▶ TASK STATEMENT
One number alone answers this: the count of lines below in which the word "project" is found.

··· GIVEN ENTRIES ···

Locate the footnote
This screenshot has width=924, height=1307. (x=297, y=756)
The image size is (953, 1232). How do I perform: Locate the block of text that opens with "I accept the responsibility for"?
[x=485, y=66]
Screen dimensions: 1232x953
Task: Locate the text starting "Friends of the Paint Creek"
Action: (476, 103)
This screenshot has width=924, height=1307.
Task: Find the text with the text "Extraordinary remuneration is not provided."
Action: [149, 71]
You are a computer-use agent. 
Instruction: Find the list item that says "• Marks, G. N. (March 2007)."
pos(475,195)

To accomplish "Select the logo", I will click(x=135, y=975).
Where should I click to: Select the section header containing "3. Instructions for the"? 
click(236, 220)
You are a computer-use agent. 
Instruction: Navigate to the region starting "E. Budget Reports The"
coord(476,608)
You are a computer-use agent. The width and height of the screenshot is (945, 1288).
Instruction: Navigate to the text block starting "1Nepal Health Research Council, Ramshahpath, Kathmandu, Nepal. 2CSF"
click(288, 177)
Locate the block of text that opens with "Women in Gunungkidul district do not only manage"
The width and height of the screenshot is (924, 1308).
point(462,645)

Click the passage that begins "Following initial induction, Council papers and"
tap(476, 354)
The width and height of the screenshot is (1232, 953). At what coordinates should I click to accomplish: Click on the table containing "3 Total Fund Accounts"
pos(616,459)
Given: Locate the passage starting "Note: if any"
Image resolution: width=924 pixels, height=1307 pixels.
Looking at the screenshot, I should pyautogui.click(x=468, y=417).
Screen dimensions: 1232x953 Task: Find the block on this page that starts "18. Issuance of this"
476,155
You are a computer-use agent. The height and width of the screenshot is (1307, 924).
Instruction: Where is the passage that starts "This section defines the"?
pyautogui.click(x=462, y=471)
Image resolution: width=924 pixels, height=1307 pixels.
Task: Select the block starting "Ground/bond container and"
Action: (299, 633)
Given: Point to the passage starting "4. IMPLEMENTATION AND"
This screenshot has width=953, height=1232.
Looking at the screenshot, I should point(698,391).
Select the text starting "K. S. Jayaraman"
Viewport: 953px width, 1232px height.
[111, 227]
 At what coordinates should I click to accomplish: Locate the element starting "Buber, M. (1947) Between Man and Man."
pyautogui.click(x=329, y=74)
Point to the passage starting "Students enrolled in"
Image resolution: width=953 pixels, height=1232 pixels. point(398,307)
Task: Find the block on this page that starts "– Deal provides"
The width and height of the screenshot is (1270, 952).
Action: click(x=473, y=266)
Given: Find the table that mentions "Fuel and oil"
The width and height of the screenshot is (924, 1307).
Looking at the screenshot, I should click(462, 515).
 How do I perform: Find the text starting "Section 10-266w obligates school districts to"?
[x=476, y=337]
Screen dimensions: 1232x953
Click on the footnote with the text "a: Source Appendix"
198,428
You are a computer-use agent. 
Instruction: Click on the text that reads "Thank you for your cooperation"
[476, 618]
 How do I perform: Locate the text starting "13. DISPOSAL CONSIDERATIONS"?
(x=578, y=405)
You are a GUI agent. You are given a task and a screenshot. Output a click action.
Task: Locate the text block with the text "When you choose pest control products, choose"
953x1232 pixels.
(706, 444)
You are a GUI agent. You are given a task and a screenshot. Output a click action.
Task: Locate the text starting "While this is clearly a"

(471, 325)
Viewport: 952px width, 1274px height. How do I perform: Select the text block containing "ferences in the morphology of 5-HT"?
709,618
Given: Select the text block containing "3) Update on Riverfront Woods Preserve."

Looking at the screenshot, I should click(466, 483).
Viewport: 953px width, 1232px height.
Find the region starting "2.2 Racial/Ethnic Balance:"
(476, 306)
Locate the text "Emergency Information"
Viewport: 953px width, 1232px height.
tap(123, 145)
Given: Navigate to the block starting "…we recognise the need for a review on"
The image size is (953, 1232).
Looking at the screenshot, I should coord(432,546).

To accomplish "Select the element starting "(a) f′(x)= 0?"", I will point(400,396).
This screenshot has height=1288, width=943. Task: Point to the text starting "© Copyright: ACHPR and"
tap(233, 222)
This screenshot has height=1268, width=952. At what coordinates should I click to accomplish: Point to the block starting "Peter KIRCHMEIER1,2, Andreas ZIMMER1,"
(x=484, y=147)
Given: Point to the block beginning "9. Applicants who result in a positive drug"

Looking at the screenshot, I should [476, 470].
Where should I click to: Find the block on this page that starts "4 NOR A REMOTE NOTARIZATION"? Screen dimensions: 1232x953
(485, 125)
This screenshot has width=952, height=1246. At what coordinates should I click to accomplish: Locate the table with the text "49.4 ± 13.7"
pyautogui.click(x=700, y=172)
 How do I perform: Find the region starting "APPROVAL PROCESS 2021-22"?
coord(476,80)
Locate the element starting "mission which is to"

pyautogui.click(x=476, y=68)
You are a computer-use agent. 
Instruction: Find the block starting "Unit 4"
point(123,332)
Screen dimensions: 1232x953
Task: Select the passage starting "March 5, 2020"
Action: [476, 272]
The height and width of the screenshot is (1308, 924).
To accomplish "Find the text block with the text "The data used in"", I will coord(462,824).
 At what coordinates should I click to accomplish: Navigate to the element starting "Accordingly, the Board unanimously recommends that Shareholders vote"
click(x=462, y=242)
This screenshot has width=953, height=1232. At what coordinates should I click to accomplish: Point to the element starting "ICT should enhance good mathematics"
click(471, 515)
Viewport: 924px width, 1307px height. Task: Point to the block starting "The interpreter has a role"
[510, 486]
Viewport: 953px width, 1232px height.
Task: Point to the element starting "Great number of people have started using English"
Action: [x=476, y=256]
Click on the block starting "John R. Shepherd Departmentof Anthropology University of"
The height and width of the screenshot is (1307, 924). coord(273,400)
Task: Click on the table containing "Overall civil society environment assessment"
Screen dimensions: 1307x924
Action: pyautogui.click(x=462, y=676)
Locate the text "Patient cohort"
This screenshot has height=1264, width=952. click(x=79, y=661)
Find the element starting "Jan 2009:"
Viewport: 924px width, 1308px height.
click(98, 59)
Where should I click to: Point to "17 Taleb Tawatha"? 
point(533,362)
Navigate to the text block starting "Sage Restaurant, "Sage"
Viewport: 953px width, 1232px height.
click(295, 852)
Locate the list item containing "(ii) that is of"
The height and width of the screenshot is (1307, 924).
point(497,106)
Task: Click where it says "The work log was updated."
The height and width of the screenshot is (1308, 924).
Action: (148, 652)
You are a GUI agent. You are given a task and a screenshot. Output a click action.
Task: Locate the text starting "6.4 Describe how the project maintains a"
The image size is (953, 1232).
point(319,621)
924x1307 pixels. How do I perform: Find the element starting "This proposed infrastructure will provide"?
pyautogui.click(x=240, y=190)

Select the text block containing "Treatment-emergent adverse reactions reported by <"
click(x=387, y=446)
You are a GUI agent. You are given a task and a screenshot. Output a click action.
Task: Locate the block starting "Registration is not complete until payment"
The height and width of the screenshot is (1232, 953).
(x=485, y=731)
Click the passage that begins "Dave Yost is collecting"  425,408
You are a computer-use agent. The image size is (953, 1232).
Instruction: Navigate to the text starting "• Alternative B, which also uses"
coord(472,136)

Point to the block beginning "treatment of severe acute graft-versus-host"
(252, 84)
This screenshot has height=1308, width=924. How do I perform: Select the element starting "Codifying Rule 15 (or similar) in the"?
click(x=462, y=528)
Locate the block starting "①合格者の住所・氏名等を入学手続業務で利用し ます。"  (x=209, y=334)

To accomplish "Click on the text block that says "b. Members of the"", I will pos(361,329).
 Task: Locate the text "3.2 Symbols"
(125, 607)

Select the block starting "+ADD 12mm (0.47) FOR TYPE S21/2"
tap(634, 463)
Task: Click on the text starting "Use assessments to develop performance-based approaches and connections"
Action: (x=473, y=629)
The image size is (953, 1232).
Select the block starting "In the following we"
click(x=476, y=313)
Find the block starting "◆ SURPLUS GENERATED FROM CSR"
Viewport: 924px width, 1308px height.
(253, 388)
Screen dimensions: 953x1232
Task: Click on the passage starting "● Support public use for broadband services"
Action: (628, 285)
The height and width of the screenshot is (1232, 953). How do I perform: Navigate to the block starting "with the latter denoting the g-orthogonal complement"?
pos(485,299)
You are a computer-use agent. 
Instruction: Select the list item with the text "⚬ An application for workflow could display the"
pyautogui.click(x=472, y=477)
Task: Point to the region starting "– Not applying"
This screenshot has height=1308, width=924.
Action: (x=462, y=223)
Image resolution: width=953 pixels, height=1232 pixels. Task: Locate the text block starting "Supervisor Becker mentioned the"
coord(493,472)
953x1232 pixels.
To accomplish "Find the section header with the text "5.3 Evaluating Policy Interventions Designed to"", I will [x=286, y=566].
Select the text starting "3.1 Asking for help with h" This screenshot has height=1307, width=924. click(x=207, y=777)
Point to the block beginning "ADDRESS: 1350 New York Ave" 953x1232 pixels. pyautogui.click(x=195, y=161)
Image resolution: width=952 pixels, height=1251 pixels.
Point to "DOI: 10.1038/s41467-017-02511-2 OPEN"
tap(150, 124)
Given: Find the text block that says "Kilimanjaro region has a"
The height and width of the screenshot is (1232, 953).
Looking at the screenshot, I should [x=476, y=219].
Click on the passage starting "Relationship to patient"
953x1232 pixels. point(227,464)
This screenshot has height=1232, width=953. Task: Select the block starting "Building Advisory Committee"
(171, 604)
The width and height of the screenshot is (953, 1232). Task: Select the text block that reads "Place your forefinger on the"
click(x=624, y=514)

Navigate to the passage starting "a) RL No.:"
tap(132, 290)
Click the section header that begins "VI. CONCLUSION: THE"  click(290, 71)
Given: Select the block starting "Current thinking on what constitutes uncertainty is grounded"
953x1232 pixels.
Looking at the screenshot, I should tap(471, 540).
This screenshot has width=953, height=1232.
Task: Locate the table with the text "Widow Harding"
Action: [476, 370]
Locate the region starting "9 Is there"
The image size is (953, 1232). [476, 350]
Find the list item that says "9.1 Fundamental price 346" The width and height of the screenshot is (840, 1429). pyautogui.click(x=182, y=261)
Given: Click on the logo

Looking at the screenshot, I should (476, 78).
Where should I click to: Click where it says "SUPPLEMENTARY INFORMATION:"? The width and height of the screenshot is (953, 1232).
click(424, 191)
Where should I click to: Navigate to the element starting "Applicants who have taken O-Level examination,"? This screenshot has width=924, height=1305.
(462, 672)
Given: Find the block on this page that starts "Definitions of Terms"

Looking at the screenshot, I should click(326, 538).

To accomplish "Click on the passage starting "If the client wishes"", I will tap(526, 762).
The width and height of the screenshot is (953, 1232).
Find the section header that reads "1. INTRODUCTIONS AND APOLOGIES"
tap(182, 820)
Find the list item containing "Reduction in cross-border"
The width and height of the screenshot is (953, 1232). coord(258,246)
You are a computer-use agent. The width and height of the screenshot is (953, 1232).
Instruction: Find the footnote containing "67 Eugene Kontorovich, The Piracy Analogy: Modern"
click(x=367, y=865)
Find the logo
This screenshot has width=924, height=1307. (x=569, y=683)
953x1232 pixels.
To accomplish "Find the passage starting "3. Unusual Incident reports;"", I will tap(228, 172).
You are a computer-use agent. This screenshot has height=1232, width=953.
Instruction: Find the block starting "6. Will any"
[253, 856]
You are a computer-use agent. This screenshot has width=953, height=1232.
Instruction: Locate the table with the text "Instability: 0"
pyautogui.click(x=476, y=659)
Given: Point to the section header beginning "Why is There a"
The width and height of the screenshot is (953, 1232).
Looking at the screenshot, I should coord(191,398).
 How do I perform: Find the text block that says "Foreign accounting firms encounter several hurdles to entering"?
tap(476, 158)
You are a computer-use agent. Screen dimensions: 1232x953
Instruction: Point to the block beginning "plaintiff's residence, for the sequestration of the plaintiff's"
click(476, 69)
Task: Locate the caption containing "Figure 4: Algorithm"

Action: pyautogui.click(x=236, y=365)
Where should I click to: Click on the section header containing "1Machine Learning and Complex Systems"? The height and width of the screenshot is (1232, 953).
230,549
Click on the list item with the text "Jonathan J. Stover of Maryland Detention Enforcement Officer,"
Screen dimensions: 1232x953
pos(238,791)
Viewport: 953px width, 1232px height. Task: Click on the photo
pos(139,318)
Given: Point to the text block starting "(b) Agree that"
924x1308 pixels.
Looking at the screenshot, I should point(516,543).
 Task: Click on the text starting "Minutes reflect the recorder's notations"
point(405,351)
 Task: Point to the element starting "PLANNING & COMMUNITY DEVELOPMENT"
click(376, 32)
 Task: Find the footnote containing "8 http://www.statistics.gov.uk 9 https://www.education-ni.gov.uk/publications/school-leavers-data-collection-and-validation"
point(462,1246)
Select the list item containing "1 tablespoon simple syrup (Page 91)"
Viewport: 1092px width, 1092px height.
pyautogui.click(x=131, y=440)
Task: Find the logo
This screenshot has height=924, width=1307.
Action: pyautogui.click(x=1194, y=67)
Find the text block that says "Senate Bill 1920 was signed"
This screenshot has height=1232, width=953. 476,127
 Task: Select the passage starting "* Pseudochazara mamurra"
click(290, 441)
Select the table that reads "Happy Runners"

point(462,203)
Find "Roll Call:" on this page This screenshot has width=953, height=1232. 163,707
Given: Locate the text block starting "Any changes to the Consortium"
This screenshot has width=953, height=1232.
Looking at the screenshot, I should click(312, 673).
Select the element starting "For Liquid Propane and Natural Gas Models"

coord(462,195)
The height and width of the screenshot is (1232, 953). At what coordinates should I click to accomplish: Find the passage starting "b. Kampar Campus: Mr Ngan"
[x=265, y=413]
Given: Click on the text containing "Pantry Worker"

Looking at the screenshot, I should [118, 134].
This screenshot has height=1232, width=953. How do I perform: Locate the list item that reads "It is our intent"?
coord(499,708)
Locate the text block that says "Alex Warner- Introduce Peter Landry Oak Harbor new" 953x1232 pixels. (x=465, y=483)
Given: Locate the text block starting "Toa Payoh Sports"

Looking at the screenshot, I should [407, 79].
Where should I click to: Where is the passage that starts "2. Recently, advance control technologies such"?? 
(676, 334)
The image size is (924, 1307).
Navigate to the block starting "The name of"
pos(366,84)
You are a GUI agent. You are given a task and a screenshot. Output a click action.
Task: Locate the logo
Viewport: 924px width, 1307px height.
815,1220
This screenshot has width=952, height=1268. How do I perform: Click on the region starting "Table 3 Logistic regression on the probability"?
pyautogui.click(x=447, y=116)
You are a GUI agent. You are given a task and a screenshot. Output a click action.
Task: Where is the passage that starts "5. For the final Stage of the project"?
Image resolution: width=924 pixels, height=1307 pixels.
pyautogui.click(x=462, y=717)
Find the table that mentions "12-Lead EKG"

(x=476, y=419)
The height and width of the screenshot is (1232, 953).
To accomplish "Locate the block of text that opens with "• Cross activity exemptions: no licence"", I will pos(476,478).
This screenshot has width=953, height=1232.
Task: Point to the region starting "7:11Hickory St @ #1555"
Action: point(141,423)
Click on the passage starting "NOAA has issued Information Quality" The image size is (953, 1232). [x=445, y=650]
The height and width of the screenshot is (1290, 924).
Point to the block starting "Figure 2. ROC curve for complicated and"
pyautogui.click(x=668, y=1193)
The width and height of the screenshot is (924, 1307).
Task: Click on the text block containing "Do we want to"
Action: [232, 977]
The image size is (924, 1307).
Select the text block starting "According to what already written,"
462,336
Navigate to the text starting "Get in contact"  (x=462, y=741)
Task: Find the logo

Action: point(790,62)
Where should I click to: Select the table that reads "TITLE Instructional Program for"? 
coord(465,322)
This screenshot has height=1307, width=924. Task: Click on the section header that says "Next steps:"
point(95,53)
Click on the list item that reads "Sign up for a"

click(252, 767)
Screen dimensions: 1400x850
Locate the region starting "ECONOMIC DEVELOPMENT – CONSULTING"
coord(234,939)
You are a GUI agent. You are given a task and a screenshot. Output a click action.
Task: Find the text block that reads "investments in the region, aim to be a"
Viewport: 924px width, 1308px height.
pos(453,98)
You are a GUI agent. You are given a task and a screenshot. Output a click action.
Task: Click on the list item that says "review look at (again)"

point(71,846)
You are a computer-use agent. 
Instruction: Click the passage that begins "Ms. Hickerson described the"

···

▶ REPLY
2